Simplify using Exponent Rules. Write answer in Exponential Form. Help Video
(133)4
(133)4 can be simplified using the exponent rule for multiplication of powers.
The rule states that when you have a number raised to a power, and you raise that entire expression to another power, you can multiply the exponents.
In this case, we have (133) raised to the 4th power. So we can multiply the exponent 4 with the exponent of 133.
(133)4 = 133 * 4
Now, we calculate the value.
133 * 4 = 532
Therefore, the simplified exponential form of (133)4 is 532.
Simplify each expression using Exponent Rules. Choose the correct answer in the table.
(1 point)
512
57
5
53×54
5 to the 12th power – 5 cubed times 5 to the 4th power
5 to the 7th power – 5 cubed times 5 to the 4th power
5 – 5 cubed times 5 to the 4th power
(53)4
5 to the 12th power – open paren 5 cubed close paren to the 4th power
5 to the 7th power – open paren 5 cubed close paren to the 4th power
5 – open paren 5 cubed close paren to the 4th power
5453
5 to the 12th power – the fraction with numerator 5 to the 4th power and denominator 5 cubed
5 to the 7th power – the fraction with numerator 5 to the 4th power and denominator 5 cubed
5 – the fraction with numerator 5 to the 4th power and denominator 5 cubed
To simplify the given expression using exponent rules, let's break it down step by step:
5 to the 12th power – (5 cubed) times (5 to the 4th power)
First, let's simplify the parentheses by calculating 5 cubed (5^3) and 5 to the 4th power (5^4).
5 cubed = 5^3 = 5 * 5 * 5 = 125
5 to the 4th power = 5^4 = 5 * 5 * 5 * 5 = 625
Now, substitute the values back into the expression:
5 to the 12th power – 125 times 625
Next, perform the multiplication:
125 times 625 = 78125
Now, substitute the result back into the expression:
5 to the 12th power – 78125
Finally, calculate 5 to the 12th power by multiplying 5 twelve times:
5 to the 12th power = 5 * 5 * 5 * 5 * 5 * 5 * 5 * 5 * 5 * 5 * 5 * 5 = 244140625
Now, substitute the result back into the expression:
244140625 - 78125
To subtract these numbers, we need to ensure that we have the same base (5 in this case). To do this, we can rewrite 78125 as 78125 * 1, and rewrite 244140625 as 244140625 * 1.
244140625 - 78125 * 1
Now, we can subtract:
244140625 - 78125 = 244062500
Therefore, the simplified expression is 244062500, and the correct option in the table is:
- 5453 (fifth option in the table)
Choose the correct answer for each. Help Video(1 point)
1 -1 undefined
a0
1 – A to the 0 power
-1 – A to the 0 power
undefined – A to the 0 power
−(a)0
1 – negative A to the 0 power
-1 – negative A to the 0 power
undefined – negative A to the 0 power
00
1 – 0 to the 0 power
-1 – 0 to the 0 power
undefined – 0 to the 0 power
(−8)0
1 – negative 8 to the 0 power
-1 – negative 8 to the 0 power
undefined – negative 8 to the 0 power
−(−8)0
1 – negative negative 8 to the 0 power
-1 – negative negative 8 to the 0 power
undefined – negative negative 8 to the 0 power
Let's go through each option and determine the correct answer:
1. a^0: According to the exponent rule, any number raised to the power of 0 is equal to 1.

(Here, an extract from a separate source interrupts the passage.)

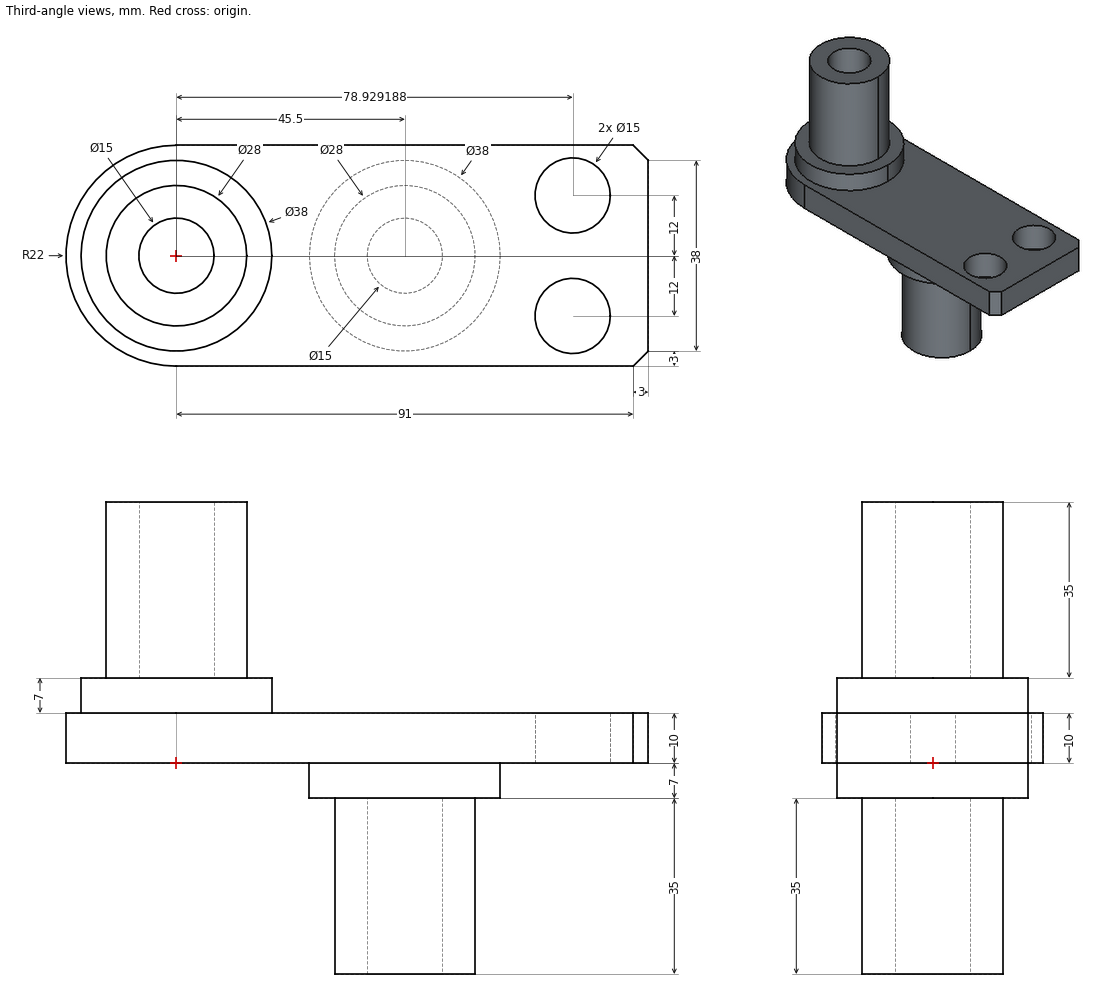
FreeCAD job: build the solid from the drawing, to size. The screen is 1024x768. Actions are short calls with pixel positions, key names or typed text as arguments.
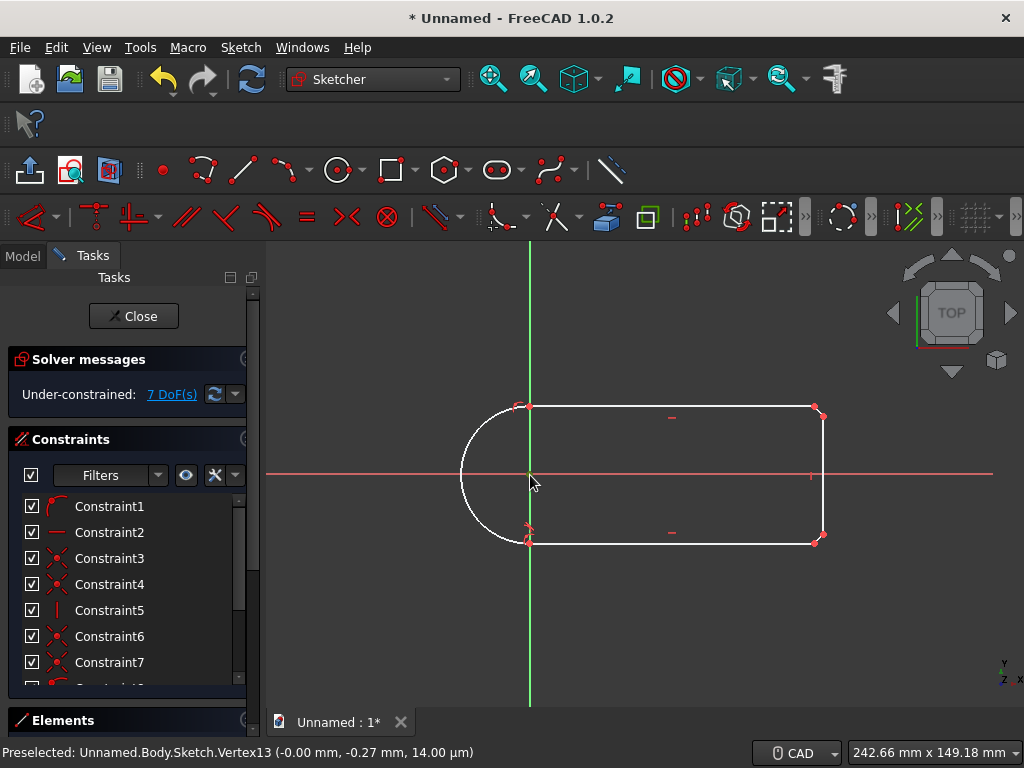
click(334, 474)

Therefore, the correct answer is: 1.
2. (-a)^0: According to the exponent rule, any number raised to the power of 0 is equal to 1.

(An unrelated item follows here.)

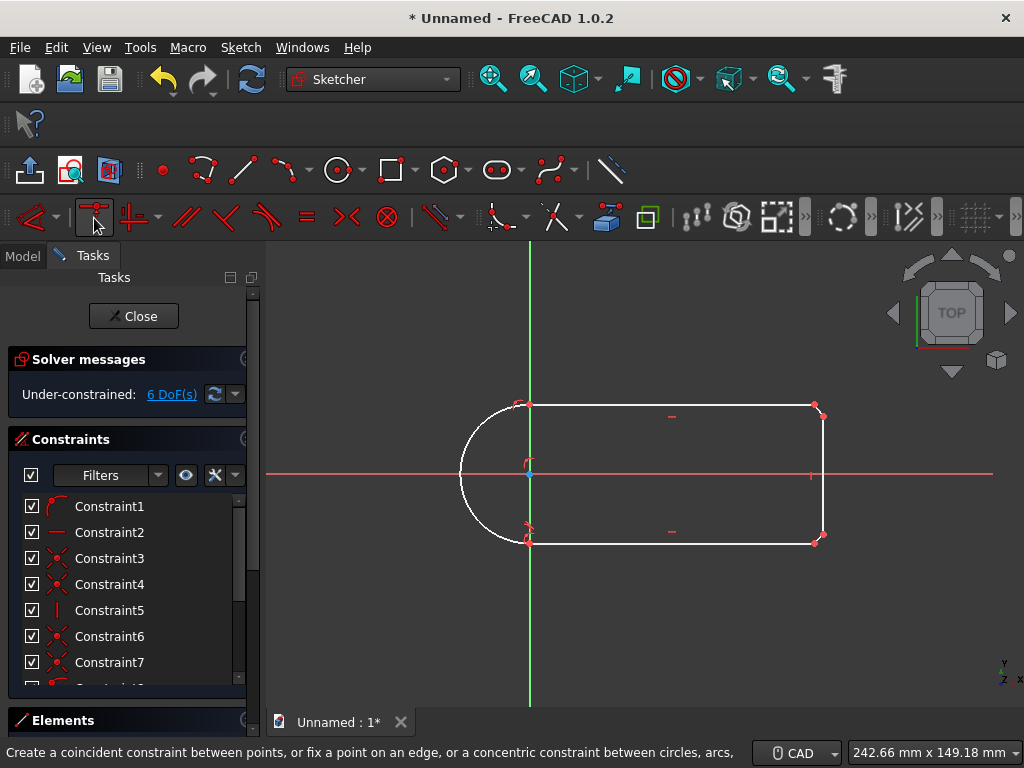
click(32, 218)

Therefore, the correct answer is: 1.
3. 0^0: This is an indeterminate form. Different interpretations may yield different results.
Therefore, the correct answer is: undefined.
4. (-8)^0: According to the exponent rule, any number raised to the power of 0 is equal to 1.
Therefore, the correct answer is: 1.
5. (-(-8))^0: According to the exponent rule, any number raised to the power of 0 is equal to 1.
Therefore, the correct answer is: 1.
In summary, the correct answers are:
1. 1
2. 1
3. undefined
4. 1
5. 1
What is the missing exponent in the expression? Help Video
(x?)5=x20
(1 point)
To find the missing exponent, we can use the exponent rule for multiplication of powers. The rule states that when you have a variable raised to a power, and you raise that entire expression to another power, you can multiply the exponents.
In this case, we have (x?) raised to the 5th power, equal to x^20.
To find the missing exponent, we can set up an equation:
(x?)^5 = x^20
Now, we can use the exponent rule and equate the exponents:
? * 5 = 20
To solve for the missing exponent "?", we divide both sides of the equation by 5:
? = 20 / 5
Simplifying the right side of the equation gives:
? = 4
Therefore, the missing exponent in the expression (x?)^5 = x^20 is 4.